In the wake of mass rioting and death in Afghanistan and other Islamic nations ignited by a fallacious Newsweek story, furious finger-pointing has ensued. The White House, the departments of State and Defense, and most conservative radio talk show hosts are blaming Newsweek for carelessness and irresponsibility. Newsweek, while apologizing for the error, protests that the story was vetted by a Defense Department official who objected to other aspects of the piece but remained silent on the Koran flushing part. Others are suggesting that the Bush administration prepared the ground for this rumor by engaging in routine degradation of Muslim detainees at Guantanamo Bay.
Absent from this blame exchange is any recognition that many Muslims can be incited to violence by anything or nothing. It's as if they live poised for outrage. In 2002, the Miss World Pageant had to high-tail it out of Nigeria after rioting took more than 200 lives. Angry Muslims rampaged through the streets after a young fashion writer penned an article wondering how Muhammad would have reacted to the pageant, and suggesting that the Prophet (who had 14 wives) might have chosen a wife from among the assembled beauties. The offices of the newspaper were firebombed. A few weeks later, after many deaths, the Islamists remained unsatisfied. The deputy governor of a northern Nigerian province issued a "fatwa" declaring it the duty of religious Muslims to track down the 21-year-old author of the story and kill her.
Recall that Dutch filmmaker Theo van Gogh was stabbed to death while bicycling to work in Amsterdam last year. His offense? Producing a movie that exposed Muslim mistreatment of women.

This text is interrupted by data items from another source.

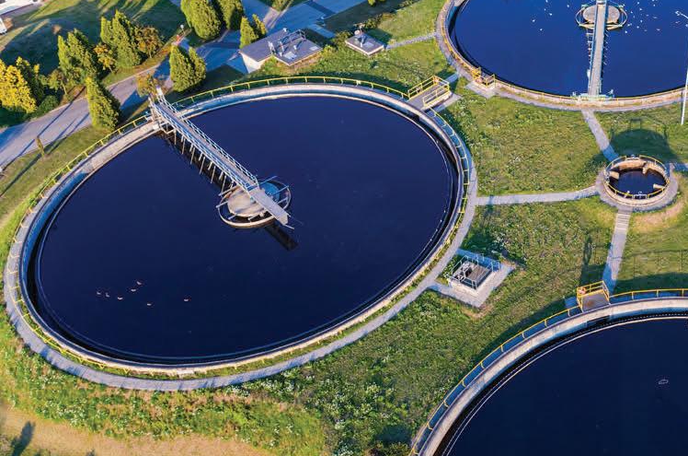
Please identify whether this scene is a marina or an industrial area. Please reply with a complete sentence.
It's an industrial area.
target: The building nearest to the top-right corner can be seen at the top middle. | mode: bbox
[346,26,384,61]
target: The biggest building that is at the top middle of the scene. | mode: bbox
[238,24,322,80]
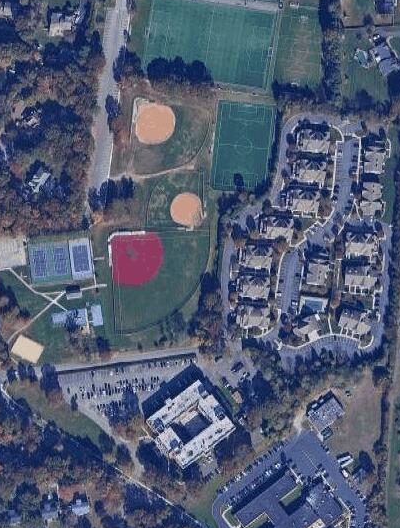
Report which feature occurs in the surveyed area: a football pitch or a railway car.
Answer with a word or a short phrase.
football pitch
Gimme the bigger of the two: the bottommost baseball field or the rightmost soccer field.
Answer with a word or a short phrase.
the baseball field
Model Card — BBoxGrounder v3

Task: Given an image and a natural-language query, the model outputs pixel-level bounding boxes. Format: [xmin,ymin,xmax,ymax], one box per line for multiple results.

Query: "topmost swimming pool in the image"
[356,47,369,66]
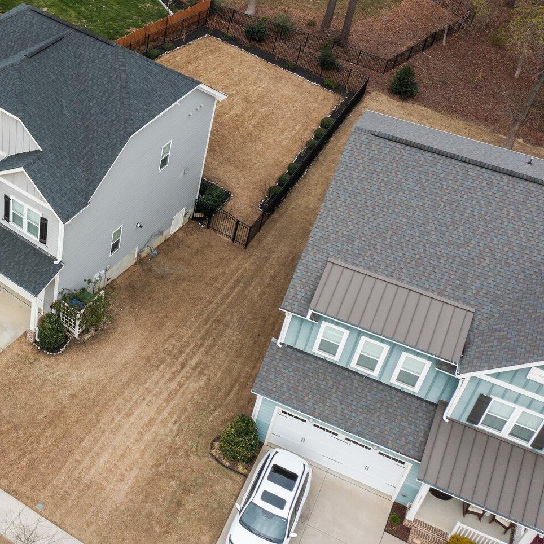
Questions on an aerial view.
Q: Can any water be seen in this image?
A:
No
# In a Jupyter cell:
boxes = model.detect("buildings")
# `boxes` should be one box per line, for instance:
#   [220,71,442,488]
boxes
[0,0,227,353]
[247,111,544,544]

Salman Rushdie remains a marked man for writing a book Muslims detest. Norwegian/Swedish Pentecostal preacher Runar Sogaard received death threats last month -- not anonymous ones, but direct threats from an organized Islamic group, for using highly insulting language about Muhammad. Sogaard was impolite to be sure. But since when is the proper punishment for impertinence death? Isioma Daniel, the Nigerian journalist whose musings sparked the Nigerian riot, remains under 24-hour-a-day guard.